— Assignment —
Using the listing below, give again exactly the lines from the line with "#4 box (78,234,136,371)" to the line with "List them by", inclusive, without the pictures.

— The data —
◆ ◆ ◆ ◆ ◆ ◆ ◆

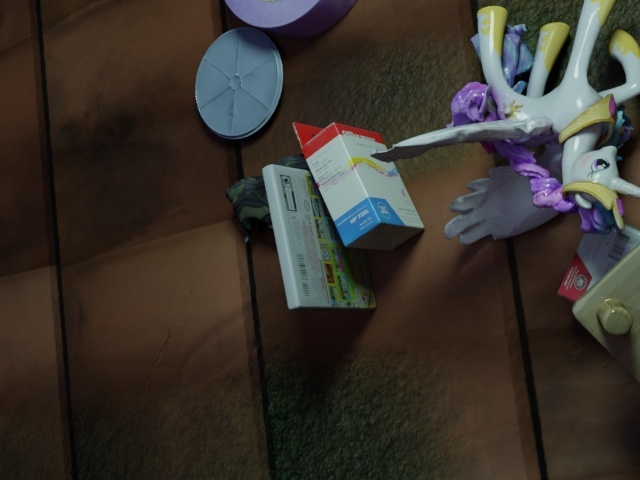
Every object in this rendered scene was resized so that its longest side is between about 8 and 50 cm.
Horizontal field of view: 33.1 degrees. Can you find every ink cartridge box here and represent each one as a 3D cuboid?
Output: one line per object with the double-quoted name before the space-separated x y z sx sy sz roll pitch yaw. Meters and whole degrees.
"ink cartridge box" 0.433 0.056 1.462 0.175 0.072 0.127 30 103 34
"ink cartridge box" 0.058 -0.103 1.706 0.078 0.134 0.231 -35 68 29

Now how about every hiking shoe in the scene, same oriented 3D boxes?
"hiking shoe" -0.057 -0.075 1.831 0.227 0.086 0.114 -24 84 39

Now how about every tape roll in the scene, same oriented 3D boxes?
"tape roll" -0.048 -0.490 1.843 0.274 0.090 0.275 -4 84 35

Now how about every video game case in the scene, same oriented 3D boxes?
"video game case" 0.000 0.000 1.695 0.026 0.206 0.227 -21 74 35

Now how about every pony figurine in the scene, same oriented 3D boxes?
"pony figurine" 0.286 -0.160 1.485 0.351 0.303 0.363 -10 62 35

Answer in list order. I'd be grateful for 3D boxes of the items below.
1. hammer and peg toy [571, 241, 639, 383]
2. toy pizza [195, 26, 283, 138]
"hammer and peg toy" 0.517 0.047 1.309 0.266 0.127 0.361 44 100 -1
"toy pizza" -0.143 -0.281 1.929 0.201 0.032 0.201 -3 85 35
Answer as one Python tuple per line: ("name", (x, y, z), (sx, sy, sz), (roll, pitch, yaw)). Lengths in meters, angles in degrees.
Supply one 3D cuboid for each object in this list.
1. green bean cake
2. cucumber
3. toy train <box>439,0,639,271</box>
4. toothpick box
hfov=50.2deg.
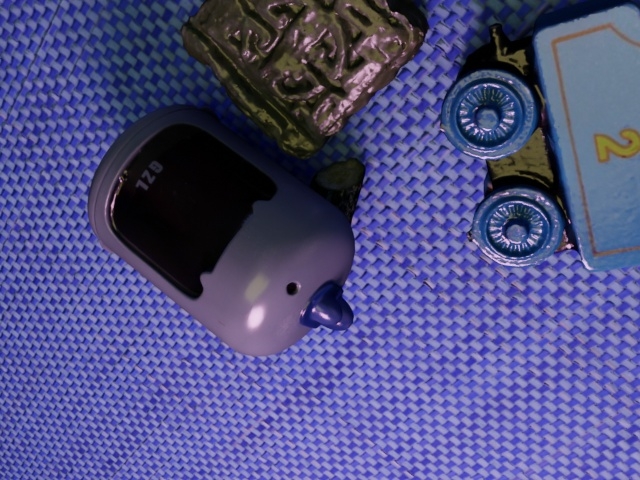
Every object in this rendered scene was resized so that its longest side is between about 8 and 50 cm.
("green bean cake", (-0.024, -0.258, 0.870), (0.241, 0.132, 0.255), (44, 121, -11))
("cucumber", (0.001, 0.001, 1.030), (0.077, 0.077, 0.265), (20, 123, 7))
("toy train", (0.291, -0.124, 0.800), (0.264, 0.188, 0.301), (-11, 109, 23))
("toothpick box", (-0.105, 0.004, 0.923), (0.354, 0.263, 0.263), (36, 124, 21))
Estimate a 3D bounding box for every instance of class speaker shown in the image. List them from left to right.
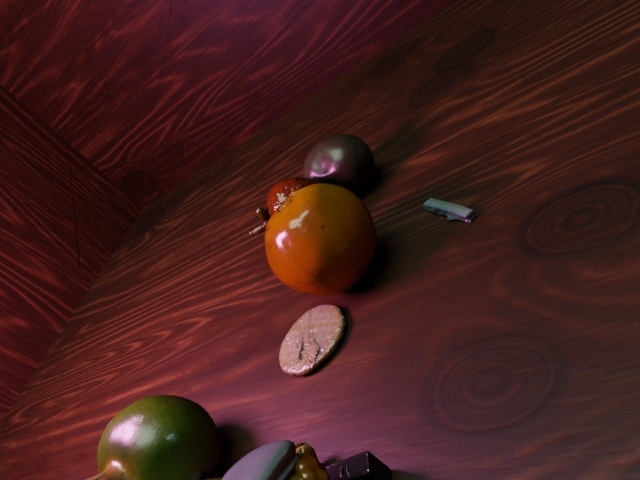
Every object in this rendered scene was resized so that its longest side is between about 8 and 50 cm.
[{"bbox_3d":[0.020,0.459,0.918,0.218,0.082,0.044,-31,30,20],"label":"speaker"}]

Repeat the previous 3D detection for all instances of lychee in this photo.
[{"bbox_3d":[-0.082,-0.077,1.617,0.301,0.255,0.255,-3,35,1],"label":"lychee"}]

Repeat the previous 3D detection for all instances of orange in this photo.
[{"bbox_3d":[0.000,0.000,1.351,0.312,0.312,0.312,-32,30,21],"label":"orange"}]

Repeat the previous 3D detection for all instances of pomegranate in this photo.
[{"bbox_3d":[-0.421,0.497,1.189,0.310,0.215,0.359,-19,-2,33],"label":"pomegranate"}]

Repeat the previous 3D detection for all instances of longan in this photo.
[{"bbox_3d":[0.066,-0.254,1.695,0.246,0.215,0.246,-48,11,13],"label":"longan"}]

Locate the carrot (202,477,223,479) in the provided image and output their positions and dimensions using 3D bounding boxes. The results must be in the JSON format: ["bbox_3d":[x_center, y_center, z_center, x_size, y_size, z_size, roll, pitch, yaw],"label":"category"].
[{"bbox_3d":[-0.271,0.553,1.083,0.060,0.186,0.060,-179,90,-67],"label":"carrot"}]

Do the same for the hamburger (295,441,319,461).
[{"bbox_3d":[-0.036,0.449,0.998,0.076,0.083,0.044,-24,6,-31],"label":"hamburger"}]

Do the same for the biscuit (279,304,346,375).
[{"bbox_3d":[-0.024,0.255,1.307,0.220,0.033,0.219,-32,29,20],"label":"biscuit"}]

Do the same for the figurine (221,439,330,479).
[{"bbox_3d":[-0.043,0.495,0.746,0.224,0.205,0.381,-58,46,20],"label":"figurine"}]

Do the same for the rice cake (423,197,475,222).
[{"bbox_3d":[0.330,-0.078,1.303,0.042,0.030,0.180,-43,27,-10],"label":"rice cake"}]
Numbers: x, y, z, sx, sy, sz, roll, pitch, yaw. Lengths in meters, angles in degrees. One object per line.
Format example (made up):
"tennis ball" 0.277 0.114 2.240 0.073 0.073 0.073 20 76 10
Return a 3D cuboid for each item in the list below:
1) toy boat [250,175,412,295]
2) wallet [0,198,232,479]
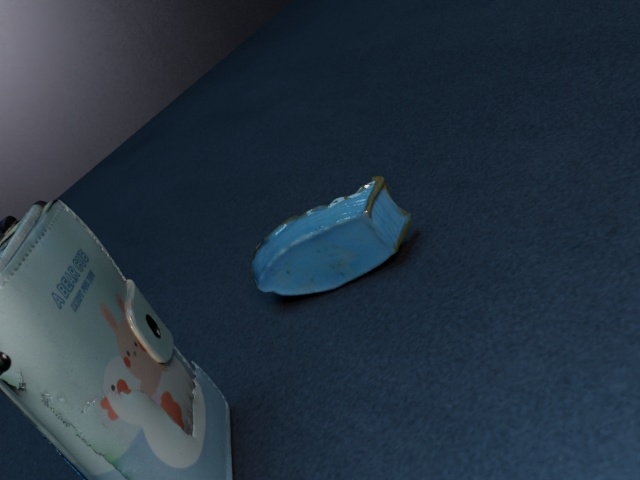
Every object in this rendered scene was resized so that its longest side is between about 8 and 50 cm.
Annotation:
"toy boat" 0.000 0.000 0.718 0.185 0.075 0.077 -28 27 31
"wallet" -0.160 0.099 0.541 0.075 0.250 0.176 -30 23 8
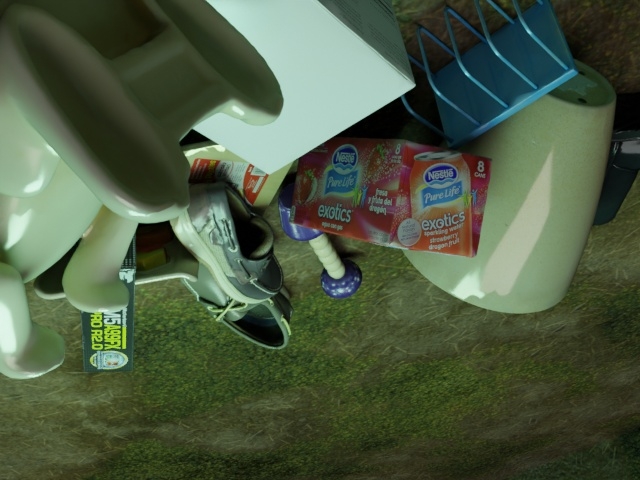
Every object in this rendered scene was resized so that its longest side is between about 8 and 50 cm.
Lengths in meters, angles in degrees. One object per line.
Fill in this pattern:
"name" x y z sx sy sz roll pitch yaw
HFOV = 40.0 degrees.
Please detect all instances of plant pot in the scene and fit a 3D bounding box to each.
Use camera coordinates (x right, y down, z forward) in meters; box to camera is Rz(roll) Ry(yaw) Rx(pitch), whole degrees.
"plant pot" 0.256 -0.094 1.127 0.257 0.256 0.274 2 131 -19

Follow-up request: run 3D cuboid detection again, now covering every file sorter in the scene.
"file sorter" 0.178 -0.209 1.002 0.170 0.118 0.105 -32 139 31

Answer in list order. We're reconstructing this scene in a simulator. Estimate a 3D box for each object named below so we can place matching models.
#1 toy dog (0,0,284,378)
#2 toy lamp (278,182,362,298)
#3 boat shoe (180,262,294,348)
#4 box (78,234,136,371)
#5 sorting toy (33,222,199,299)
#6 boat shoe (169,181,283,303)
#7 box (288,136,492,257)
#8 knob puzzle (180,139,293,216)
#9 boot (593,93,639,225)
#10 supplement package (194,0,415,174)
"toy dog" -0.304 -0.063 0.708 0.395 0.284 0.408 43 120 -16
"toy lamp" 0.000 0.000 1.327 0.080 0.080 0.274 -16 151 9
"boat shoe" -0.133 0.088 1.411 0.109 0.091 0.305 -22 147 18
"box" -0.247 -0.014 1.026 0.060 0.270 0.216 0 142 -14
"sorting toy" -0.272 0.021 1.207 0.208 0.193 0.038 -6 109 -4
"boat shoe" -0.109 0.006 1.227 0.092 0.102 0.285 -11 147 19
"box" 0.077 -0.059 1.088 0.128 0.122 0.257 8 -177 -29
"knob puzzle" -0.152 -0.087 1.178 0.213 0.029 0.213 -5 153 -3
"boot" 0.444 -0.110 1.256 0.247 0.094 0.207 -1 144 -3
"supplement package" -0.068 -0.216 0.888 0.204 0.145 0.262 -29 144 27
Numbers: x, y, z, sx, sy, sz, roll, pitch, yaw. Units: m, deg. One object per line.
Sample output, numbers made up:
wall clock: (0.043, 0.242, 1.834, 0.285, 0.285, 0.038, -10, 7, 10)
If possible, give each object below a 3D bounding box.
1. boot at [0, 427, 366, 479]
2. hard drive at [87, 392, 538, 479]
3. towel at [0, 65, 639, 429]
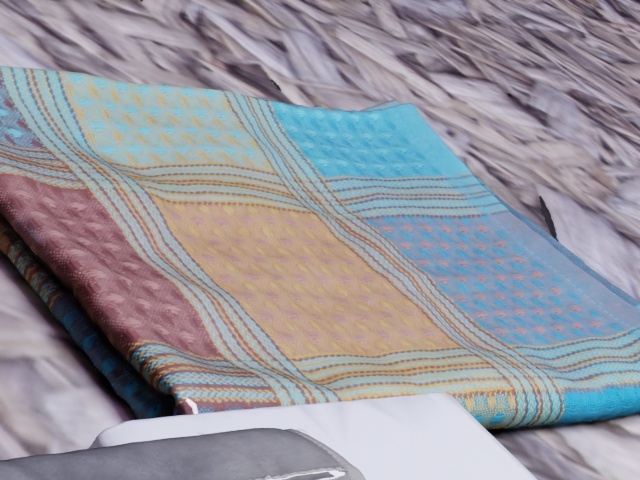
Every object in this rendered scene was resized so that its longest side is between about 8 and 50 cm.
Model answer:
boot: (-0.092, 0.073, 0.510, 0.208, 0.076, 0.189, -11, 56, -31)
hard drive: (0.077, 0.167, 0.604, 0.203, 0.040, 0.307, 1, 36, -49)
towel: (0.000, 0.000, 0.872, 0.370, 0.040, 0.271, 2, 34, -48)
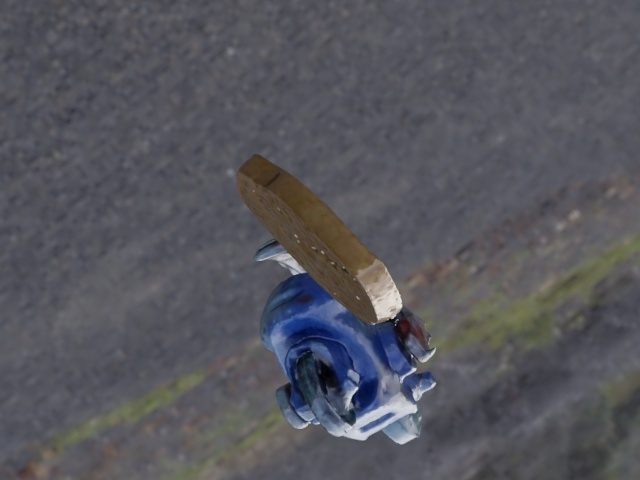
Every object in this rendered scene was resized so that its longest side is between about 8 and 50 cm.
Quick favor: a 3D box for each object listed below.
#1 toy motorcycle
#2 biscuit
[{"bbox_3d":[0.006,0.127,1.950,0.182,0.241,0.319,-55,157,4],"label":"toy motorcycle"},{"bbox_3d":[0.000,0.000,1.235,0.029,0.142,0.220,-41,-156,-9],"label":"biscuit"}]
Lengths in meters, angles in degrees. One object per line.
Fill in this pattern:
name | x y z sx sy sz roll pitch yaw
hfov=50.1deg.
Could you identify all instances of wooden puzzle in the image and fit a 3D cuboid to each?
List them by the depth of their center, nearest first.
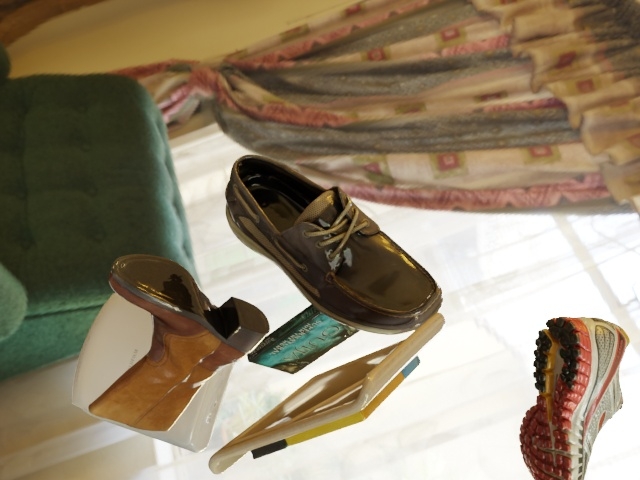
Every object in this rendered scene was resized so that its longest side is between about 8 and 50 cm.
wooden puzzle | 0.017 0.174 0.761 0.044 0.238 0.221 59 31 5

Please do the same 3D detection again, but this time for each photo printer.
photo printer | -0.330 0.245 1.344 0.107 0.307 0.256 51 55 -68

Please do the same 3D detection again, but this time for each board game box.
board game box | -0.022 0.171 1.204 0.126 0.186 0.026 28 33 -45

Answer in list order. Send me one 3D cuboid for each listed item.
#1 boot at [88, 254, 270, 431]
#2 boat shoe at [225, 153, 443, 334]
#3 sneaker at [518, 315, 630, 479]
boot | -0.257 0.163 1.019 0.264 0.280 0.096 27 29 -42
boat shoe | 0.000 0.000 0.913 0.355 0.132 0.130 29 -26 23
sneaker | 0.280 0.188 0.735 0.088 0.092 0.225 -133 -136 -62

◆ ◆ ◆ ◆ ◆ ◆ ◆

— Expected answer —
#4 box (78,234,136,371)
#5 sorting toy (33,222,199,299)
#6 boat shoe (169,181,283,303)
#7 box (288,136,492,257)
#8 knob puzzle (180,139,293,216)
#9 boot (593,93,639,225)
#10 supplement package (194,0,415,174)
"toy dog" -0.304 -0.063 0.708 0.395 0.284 0.408 43 120 -16
"toy lamp" 0.000 0.000 1.327 0.080 0.080 0.274 -16 151 9
"boat shoe" -0.133 0.088 1.411 0.109 0.091 0.305 -22 147 18
"box" -0.247 -0.014 1.026 0.060 0.270 0.216 0 142 -14
"sorting toy" -0.272 0.021 1.207 0.208 0.193 0.038 -6 109 -4
"boat shoe" -0.109 0.006 1.227 0.092 0.102 0.285 -11 147 19
"box" 0.077 -0.059 1.088 0.128 0.122 0.257 8 -177 -29
"knob puzzle" -0.152 -0.087 1.178 0.213 0.029 0.213 -5 153 -3
"boot" 0.444 -0.110 1.256 0.247 0.094 0.207 -1 144 -3
"supplement package" -0.068 -0.216 0.888 0.204 0.145 0.262 -29 144 27
Numbers: x, y, z, sx, sy, sz, roll, pitch, yaw. Units: m, deg. One object per line.
Sample output, numbers made up:
wall clock: (0.043, 0.242, 1.834, 0.285, 0.285, 0.038, -10, 7, 10)
If possible, give each object below a 3D bounding box.
1. boot at [0, 427, 366, 479]
2. hard drive at [87, 392, 538, 479]
3. towel at [0, 65, 639, 429]
Every object in this rendered scene was resized so that its longest side is between about 8 and 50 cm.
Model answer:
boot: (-0.092, 0.073, 0.510, 0.208, 0.076, 0.189, -11, 56, -31)
hard drive: (0.077, 0.167, 0.604, 0.203, 0.040, 0.307, 1, 36, -49)
towel: (0.000, 0.000, 0.872, 0.370, 0.040, 0.271, 2, 34, -48)
Every object in this rendered scene was resized so that its longest side is between about 8 and 50 cm.
Quick favor: a 3D box for each object listed below.
#1 toy motorcycle
#2 biscuit
[{"bbox_3d":[0.006,0.127,1.950,0.182,0.241,0.319,-55,157,4],"label":"toy motorcycle"},{"bbox_3d":[0.000,0.000,1.235,0.029,0.142,0.220,-41,-156,-9],"label":"biscuit"}]
Lengths in meters, angles in degrees. One object per line.
Fill in this pattern:
name | x y z sx sy sz roll pitch yaw
hfov=50.1deg.
Could you identify all instances of wooden puzzle in the image and fit a 3D cuboid to each?
List them by the depth of their center, nearest first.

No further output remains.